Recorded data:
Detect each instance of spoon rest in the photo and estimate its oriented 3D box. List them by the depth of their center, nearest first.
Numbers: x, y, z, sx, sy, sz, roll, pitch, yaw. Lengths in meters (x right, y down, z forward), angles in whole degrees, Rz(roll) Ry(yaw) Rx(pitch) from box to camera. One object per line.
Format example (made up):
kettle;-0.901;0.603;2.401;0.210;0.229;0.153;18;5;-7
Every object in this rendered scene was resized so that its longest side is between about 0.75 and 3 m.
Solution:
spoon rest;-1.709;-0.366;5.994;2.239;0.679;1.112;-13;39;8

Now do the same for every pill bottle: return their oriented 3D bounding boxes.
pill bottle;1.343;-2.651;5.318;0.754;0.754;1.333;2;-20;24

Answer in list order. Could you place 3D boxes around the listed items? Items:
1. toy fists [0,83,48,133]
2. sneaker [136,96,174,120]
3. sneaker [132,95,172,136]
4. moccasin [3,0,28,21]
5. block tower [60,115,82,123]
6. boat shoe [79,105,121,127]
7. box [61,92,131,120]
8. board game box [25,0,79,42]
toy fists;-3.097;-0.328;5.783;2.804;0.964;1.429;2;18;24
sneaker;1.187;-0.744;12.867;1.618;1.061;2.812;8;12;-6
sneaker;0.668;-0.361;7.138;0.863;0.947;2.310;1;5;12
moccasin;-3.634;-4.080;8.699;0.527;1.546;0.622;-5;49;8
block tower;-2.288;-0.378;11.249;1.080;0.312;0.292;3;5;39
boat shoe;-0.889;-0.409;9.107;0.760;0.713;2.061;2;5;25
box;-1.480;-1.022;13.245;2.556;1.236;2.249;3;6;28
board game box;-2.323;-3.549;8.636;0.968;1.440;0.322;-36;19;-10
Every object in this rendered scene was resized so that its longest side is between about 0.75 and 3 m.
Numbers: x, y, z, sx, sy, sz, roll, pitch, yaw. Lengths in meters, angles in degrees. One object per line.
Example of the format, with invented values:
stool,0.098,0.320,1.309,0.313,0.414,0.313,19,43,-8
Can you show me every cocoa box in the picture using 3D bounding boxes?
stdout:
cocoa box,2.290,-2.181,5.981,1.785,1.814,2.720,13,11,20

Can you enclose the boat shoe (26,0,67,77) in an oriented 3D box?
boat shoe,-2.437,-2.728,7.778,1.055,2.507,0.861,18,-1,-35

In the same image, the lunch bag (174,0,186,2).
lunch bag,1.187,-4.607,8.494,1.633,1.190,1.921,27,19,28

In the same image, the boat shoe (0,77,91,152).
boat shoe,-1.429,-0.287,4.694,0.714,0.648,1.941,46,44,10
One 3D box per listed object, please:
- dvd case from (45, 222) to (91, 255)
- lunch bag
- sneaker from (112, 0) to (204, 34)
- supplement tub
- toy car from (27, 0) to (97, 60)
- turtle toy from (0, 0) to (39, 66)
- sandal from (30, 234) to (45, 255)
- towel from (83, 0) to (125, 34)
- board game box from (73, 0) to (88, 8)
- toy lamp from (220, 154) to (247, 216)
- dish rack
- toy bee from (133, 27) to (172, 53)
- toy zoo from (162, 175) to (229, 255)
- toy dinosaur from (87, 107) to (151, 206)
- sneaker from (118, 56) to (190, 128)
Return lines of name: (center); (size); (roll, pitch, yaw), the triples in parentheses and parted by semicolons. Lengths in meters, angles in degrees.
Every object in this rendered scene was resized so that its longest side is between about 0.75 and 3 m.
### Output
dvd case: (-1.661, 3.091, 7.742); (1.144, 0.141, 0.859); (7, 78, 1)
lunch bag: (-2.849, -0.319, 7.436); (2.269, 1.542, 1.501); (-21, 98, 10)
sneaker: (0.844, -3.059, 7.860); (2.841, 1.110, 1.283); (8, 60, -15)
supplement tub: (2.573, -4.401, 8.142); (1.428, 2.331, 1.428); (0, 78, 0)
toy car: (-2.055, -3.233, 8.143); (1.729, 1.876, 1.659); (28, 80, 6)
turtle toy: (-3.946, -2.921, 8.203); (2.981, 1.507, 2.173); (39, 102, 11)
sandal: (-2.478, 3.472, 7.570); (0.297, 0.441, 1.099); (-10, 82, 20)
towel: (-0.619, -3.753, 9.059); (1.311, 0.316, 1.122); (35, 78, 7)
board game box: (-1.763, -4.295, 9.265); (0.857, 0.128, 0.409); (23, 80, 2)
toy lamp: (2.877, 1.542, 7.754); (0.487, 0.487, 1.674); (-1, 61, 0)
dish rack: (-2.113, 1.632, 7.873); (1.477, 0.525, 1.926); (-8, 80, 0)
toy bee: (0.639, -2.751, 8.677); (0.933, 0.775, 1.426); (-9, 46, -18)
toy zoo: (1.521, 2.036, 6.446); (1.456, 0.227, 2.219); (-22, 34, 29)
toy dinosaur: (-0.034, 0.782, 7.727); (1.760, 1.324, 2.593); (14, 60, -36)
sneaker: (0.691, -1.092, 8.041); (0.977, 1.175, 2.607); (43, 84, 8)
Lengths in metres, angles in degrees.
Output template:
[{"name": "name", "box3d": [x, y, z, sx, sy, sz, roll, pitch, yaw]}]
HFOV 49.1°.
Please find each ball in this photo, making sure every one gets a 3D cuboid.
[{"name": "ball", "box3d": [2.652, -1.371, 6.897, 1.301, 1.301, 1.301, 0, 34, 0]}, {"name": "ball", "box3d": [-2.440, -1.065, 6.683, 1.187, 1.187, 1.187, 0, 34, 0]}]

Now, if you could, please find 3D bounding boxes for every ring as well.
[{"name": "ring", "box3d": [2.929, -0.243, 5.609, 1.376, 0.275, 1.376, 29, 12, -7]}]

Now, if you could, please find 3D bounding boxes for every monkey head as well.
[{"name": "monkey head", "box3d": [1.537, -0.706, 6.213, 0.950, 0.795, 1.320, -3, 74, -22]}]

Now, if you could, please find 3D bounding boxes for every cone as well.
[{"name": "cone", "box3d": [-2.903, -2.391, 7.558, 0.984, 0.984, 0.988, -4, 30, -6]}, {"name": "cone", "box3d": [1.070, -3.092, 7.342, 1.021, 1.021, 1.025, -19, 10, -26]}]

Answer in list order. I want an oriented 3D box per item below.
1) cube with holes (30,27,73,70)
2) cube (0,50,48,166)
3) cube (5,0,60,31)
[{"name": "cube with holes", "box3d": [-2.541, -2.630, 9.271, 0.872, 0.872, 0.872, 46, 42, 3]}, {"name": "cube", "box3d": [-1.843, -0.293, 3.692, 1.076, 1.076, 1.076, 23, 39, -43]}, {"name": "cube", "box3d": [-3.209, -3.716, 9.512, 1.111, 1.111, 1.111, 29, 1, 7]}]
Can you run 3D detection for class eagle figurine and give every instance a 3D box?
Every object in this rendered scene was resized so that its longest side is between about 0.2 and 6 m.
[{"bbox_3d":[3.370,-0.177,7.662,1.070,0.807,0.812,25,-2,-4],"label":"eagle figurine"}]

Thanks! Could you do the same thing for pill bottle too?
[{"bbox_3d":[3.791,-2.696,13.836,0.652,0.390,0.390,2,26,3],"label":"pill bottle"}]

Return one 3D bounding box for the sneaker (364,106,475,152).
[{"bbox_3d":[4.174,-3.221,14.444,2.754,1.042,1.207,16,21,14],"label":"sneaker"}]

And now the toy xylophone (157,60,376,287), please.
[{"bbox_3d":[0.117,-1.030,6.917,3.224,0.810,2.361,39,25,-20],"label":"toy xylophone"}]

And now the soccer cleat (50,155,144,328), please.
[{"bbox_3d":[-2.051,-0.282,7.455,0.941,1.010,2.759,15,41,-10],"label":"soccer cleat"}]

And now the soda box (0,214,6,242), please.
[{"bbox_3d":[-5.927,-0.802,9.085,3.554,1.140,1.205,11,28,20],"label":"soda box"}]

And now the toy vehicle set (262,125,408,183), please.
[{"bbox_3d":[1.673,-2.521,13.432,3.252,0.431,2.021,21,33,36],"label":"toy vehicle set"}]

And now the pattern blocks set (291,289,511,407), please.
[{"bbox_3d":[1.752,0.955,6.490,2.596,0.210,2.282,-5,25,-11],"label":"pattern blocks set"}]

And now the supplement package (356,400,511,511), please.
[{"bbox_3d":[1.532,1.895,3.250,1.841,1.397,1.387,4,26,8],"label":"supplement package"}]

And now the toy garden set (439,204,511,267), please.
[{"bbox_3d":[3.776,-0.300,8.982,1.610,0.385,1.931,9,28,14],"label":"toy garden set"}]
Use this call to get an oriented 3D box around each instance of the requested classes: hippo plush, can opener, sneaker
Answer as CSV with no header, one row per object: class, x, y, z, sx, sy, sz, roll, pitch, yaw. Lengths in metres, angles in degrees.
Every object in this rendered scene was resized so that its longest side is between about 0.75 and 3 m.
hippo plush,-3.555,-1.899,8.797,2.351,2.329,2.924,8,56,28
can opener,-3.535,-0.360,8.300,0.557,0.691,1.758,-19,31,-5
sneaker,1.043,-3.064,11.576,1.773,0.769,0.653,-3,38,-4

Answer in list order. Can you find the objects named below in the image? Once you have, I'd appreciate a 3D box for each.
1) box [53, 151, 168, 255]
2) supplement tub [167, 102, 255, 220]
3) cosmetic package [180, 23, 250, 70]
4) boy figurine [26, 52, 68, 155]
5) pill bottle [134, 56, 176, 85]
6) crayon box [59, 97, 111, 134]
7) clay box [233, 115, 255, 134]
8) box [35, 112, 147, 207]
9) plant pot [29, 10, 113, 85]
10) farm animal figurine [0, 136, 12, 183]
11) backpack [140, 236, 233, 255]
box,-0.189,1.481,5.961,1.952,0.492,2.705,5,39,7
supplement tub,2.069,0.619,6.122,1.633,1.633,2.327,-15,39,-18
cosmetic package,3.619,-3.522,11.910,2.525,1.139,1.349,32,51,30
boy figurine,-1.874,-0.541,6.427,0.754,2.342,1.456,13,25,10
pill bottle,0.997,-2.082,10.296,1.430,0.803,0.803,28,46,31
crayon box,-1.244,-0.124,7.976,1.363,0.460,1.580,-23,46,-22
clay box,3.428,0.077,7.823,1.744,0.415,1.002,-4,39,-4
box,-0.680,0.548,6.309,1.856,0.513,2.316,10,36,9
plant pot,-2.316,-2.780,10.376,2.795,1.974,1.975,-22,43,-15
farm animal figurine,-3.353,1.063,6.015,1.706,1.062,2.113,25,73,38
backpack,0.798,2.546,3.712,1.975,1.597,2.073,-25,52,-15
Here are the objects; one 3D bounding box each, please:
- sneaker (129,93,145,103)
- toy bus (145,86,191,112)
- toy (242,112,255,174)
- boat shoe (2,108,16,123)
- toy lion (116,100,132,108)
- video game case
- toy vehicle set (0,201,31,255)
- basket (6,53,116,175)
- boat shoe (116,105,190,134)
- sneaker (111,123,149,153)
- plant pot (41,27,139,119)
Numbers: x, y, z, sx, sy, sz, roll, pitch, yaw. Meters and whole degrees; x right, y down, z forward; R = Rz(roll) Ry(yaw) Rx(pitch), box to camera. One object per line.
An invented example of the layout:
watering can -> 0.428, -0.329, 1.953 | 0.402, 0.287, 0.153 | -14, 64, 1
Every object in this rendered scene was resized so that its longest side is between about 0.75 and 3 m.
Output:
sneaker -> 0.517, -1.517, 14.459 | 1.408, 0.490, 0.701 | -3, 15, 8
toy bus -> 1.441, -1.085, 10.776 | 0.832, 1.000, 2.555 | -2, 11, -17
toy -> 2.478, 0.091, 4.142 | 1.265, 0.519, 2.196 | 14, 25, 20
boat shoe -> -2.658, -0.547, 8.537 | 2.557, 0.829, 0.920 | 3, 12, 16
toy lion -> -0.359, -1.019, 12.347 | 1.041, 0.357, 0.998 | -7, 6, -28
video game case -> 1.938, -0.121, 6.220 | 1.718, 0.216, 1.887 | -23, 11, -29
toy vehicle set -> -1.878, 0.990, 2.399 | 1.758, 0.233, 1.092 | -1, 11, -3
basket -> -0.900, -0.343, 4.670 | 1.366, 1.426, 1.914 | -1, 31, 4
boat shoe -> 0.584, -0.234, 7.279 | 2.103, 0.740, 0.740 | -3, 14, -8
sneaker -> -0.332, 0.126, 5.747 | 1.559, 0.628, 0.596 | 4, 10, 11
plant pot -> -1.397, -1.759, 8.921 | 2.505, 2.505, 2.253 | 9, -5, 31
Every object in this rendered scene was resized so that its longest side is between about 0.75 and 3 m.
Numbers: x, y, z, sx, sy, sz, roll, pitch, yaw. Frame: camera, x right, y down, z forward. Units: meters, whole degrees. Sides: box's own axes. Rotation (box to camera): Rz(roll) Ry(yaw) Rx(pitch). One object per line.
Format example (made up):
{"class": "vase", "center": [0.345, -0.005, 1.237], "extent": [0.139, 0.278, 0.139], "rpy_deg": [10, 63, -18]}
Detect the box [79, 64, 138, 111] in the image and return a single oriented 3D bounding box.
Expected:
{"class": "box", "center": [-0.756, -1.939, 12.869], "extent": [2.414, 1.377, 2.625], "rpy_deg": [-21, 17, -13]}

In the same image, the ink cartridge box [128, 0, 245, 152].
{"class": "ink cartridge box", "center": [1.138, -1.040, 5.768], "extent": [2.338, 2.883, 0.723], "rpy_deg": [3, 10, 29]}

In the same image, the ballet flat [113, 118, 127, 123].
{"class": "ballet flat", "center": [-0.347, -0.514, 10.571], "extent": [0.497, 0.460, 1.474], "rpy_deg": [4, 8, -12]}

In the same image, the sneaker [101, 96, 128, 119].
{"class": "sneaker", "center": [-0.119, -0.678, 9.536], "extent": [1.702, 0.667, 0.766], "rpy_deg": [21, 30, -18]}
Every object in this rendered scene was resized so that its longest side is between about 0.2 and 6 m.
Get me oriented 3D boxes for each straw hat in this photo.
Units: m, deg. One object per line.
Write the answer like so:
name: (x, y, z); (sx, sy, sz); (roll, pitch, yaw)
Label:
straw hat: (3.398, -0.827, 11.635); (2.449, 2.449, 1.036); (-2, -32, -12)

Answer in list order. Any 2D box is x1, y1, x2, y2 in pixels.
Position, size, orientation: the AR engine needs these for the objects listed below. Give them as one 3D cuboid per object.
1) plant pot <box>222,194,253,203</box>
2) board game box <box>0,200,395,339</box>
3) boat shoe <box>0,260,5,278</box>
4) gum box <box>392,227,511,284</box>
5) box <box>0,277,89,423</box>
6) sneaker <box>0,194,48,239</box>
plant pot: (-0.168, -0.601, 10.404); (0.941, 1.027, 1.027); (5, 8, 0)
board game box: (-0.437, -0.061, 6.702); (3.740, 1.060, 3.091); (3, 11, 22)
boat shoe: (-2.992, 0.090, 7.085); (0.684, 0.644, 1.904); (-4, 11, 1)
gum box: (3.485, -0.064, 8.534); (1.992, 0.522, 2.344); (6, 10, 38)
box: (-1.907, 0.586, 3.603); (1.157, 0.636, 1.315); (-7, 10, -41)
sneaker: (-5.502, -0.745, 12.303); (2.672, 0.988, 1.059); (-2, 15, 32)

= What needs to be done =
Every line above that holds the string "Units" should be returned.

= Exercise response =
Numbers: x, y, z, sx, sy, sz, roll, pitch, yaw. Frame: camera, x right, y down, z forward. Units: meters, whole degrees. Sides: box's own axes. Rotation (box to camera): Rz(roll) Ry(yaw) Rx(pitch). One object per line.
Units: m, deg. One object per line.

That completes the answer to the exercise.